#### WHAT TO PRODUCE:
Using the records below, transcribe word for word the stretch from the line that contains "Answer: Star Wars" through the line that contains "Answer: 91.4 Which", both end lines included, and nothing else.

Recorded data
▬▬▬▬▬▬▬▬▬▬

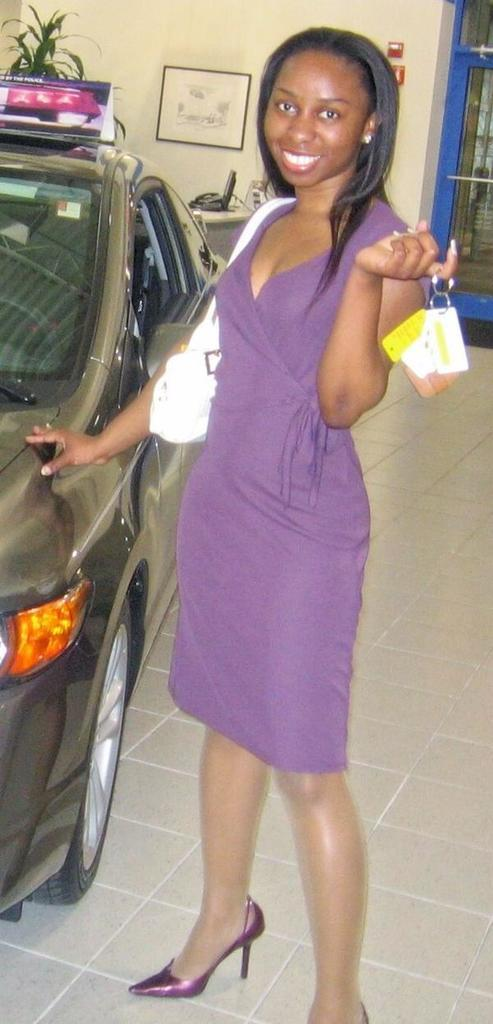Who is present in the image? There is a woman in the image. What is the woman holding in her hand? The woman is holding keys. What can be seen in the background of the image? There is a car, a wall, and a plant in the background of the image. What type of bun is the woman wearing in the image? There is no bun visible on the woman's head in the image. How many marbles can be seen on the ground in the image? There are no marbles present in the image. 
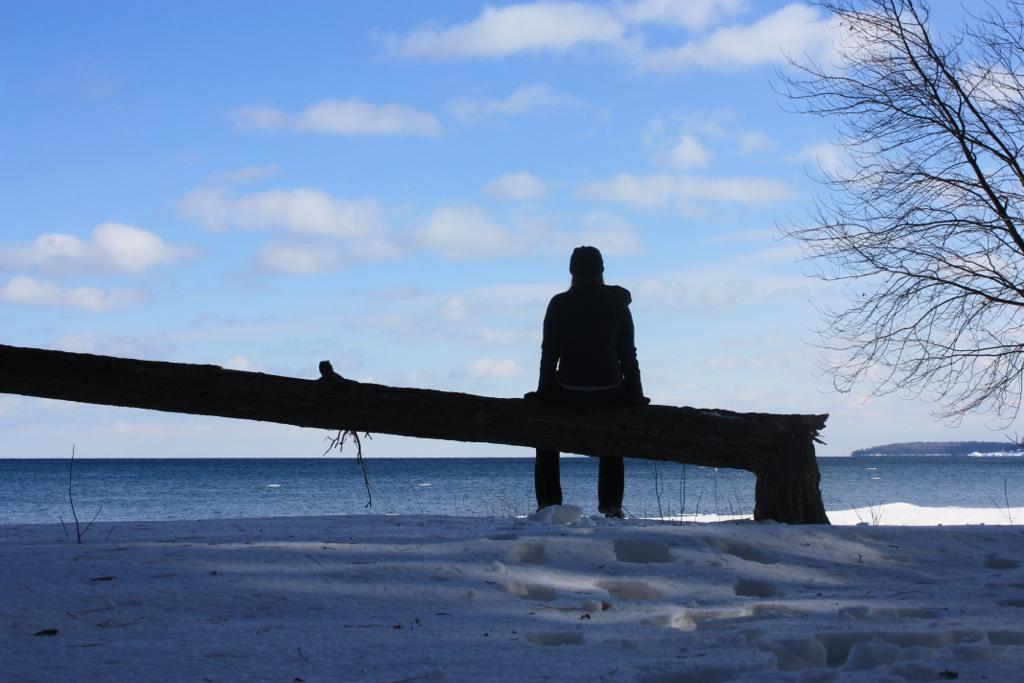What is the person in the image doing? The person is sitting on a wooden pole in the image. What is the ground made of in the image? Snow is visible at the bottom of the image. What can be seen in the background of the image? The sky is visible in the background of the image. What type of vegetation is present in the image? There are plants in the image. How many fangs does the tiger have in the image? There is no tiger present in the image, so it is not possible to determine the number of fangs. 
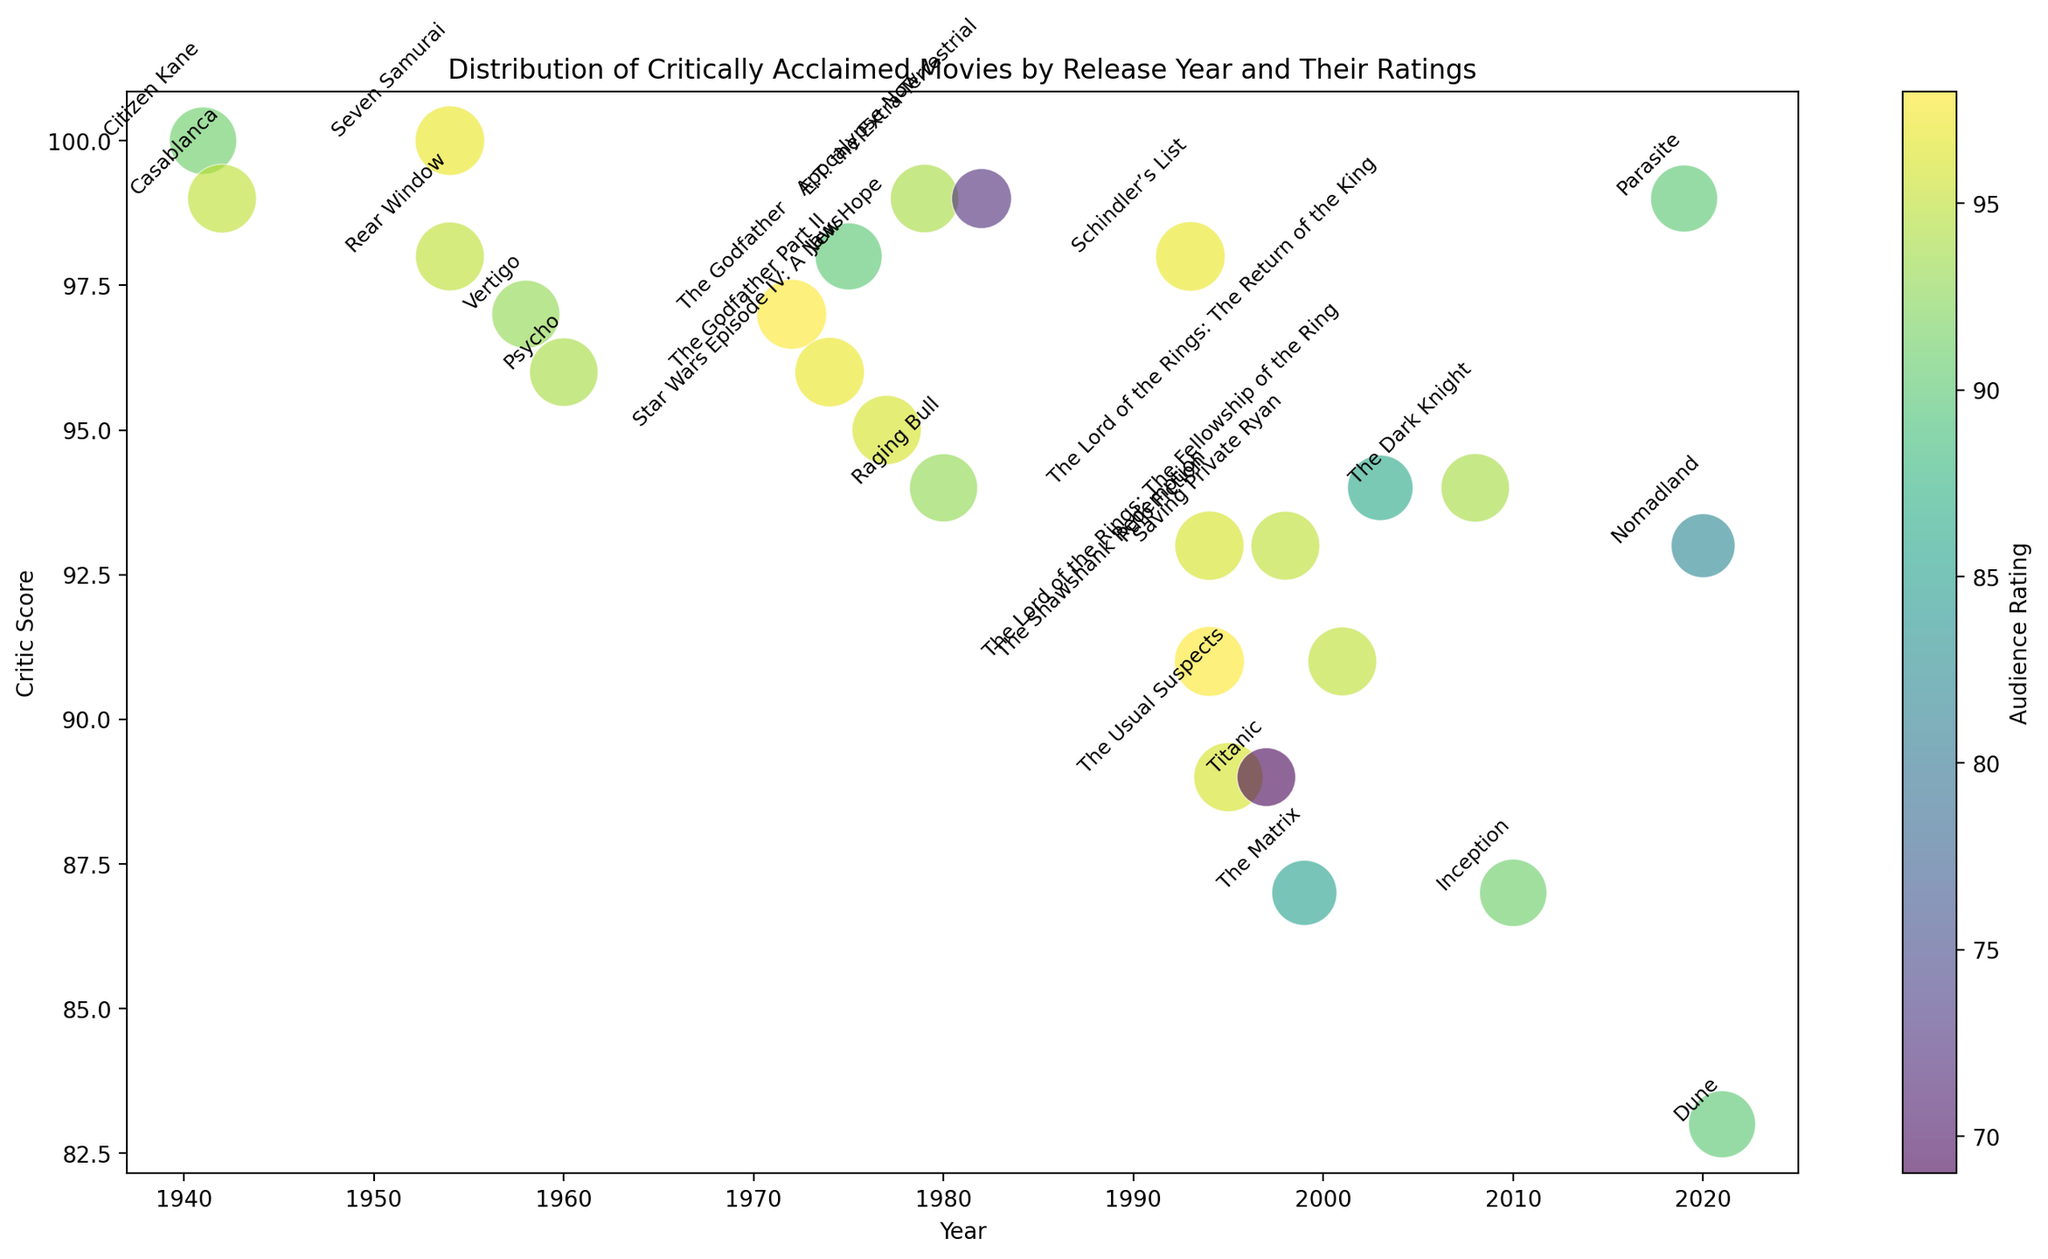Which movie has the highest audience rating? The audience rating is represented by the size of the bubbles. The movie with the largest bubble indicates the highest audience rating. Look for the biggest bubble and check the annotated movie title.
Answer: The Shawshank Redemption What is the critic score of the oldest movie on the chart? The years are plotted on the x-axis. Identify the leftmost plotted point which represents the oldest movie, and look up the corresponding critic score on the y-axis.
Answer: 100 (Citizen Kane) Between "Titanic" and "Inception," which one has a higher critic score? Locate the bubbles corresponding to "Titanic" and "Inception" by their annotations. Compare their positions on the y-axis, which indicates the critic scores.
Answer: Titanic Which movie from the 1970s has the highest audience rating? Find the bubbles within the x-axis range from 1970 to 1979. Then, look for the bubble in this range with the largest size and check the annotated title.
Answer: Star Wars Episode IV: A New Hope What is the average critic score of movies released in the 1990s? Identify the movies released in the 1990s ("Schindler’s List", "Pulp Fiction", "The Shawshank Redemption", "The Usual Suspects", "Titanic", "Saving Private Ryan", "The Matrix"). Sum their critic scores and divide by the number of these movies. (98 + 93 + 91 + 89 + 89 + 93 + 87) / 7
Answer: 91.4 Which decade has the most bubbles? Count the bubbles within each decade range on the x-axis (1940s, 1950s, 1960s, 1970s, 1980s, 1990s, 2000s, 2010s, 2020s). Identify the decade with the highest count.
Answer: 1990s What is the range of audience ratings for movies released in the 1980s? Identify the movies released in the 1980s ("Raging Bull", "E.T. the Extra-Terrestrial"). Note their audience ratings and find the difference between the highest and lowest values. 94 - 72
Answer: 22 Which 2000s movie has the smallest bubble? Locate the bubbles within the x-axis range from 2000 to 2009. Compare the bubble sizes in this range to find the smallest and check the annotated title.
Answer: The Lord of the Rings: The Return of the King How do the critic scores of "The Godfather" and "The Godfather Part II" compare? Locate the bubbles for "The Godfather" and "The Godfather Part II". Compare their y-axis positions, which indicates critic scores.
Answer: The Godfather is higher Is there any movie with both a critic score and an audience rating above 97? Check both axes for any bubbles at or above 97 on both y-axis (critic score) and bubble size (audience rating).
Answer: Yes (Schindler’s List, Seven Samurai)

▬▬▬▬▬▬▬▬▬▬

#### TASK SOLUTION:
Answer: Star Wars Episode IV: A New Hope What is the average critic score of movies released in the 1990s? Identify the movies released in the 1990s ("Schindler’s List", "Pulp Fiction", "The Shawshank Redemption", "The Usual Suspects", "Titanic", "Saving Private Ryan", "The Matrix"). Sum their critic scores and divide by the number of these movies. (98 + 93 + 91 + 89 + 89 + 93 + 87) / 7
Answer: 91.4 Which decade has the most bubbles? Count the bubbles within each decade range on the x-axis (1940s, 1950s, 1960s, 1970s, 1980s, 1990s, 2000s, 2010s, 2020s). Identify the decade with the highest count.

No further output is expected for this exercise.